Eucalyptus wetarensis
- Conservation status: Near Threatened (IUCN 3.1)

Scientific classification
- Kingdom: Plantae
- Clade: Tracheophytes
- Clade: Angiosperms
- Clade: Eudicots
- Clade: Rosids
- Order: Myrtales
- Family: Myrtaceae
- Genus: Eucalyptus
- Species: E. wetarensis
- Binomial name: Eucalyptus wetarensis L.D.Pryor

= Eucalyptus wetarensis =

- Genus: Eucalyptus
- Species: wetarensis
- Authority: L.D.Pryor
- Conservation status: NT

Species of eucalyptus

Eucalyptus wetarensis is a species of tree that is endemic to Wetar Island in Indonesia. It has rough, fibrous bark on the trunk and larger branches, lance-shaped or curved adult leaves, flower buds in groups of seven and bell-shaped to barrel-shaped fruit.

==Description==
Eucalyptus wetarensis is a tree that grows to a height of 10-17 m and has rough, fibrous bark on its trunk and larger branches. Young plants and coppice regrowth have egg-shaped to lance-shaped leaves that are slightly paler on the lower surface, 60-115 mm long, 40-65 mm wide. Adult leaves are paler on the lower surface, lance-shaped, slightly curved, 120-140 mm long and 25-35 mm wide on a petiole 20-23 mm long.

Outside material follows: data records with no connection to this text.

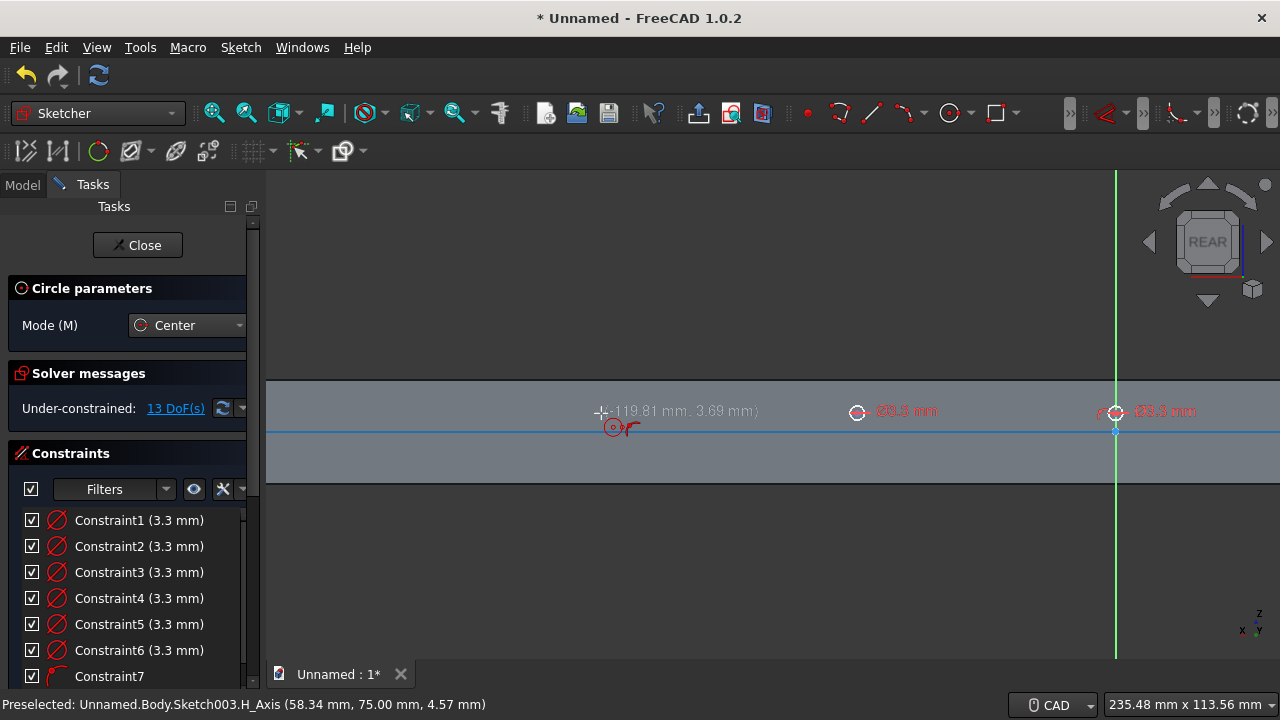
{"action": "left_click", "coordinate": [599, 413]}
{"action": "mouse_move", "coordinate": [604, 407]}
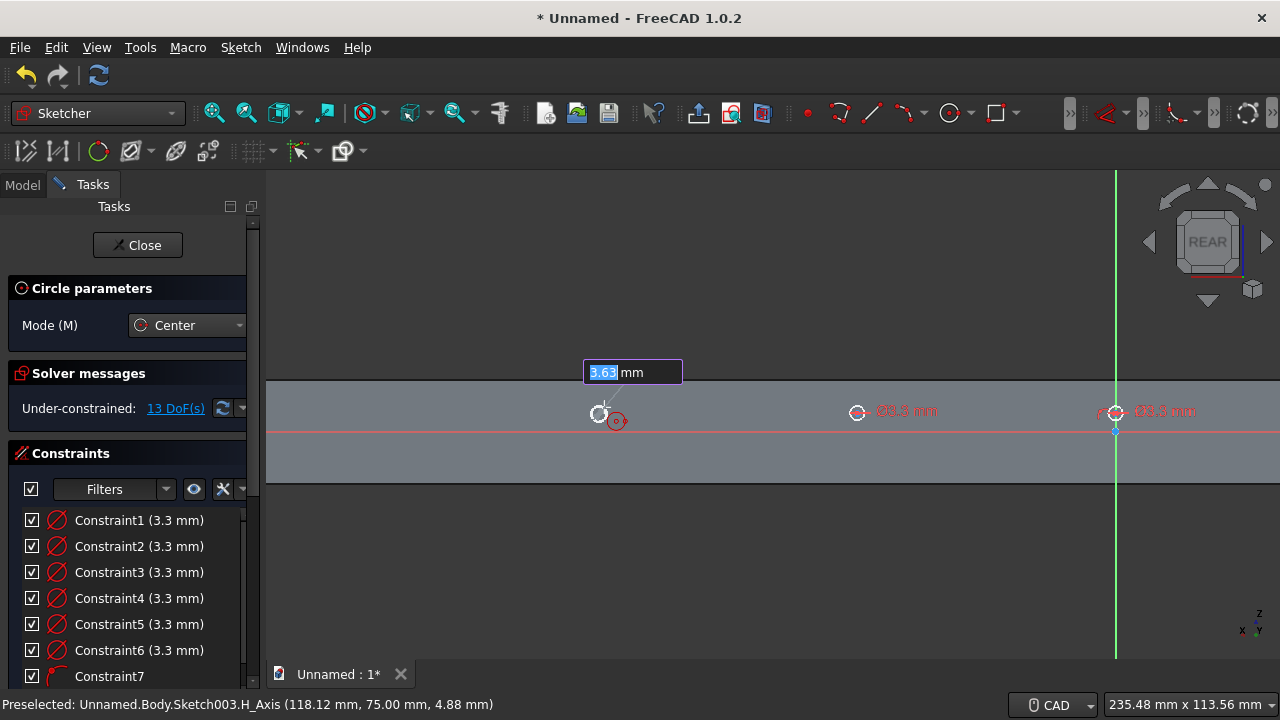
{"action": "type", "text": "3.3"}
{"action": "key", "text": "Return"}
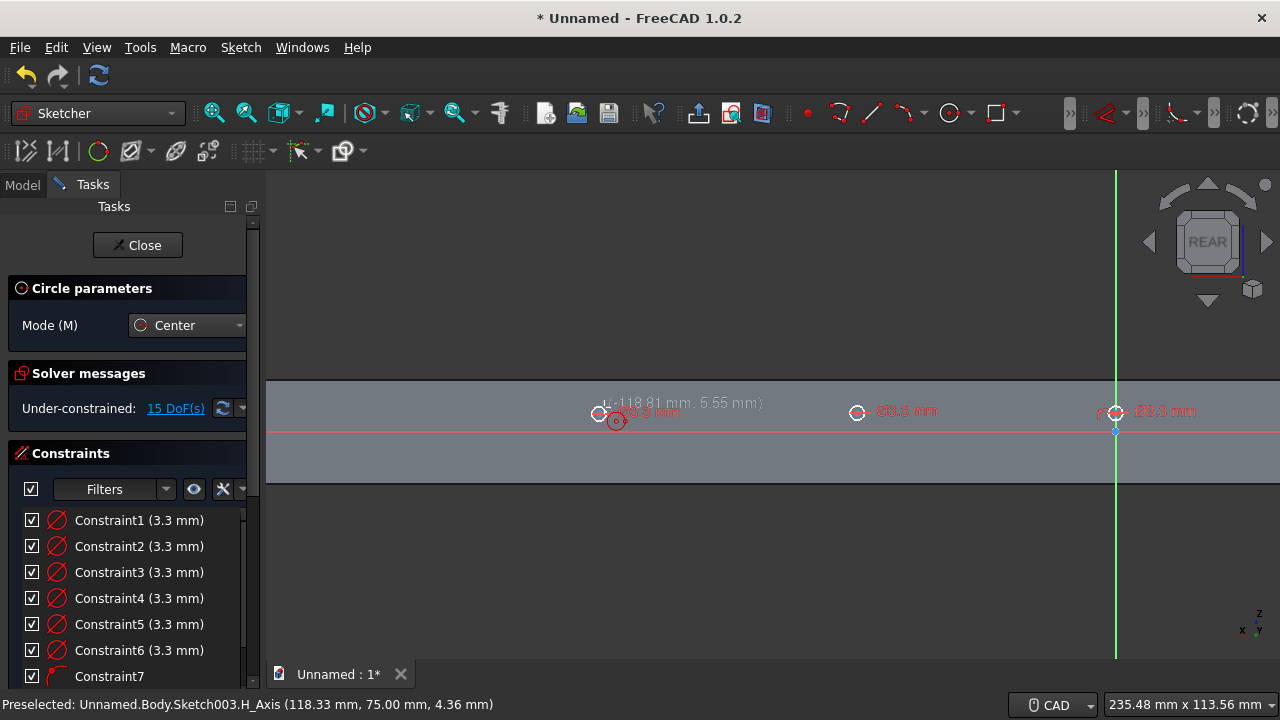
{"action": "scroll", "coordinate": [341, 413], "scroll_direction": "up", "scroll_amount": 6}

The flowers are arranged in leaf axils in groups of seven on a strap-like, unbranched peduncle 12-17 mm long, the individual buds on pedicels 5-8 mm long. The mature buds are 10-15 mm long, 5-7 mm wide with a hemispherical to conical operculum that is about the same length as the floral cup. The fruit is a woody, bell-shaped to barrel-shaped capsule, 8-14 mm long and 8-15 mm wide.

==Taxonomy and naming==
Eucalyptus wetarensis was first formally described in 1995 by Lindsay Pryor from specimens collected near Carbubu Village on Wetar Island and the description was published in Australian Systematic Botany. It is similar to E. urophylla but has narrower leaves, shorter opercula and larger fruit.

==Distribution==
This eucalypt is one of only four species only occurring outside Australia. It is only known from Wetar island, one of the Lesser Sunda Islands of Indonesia.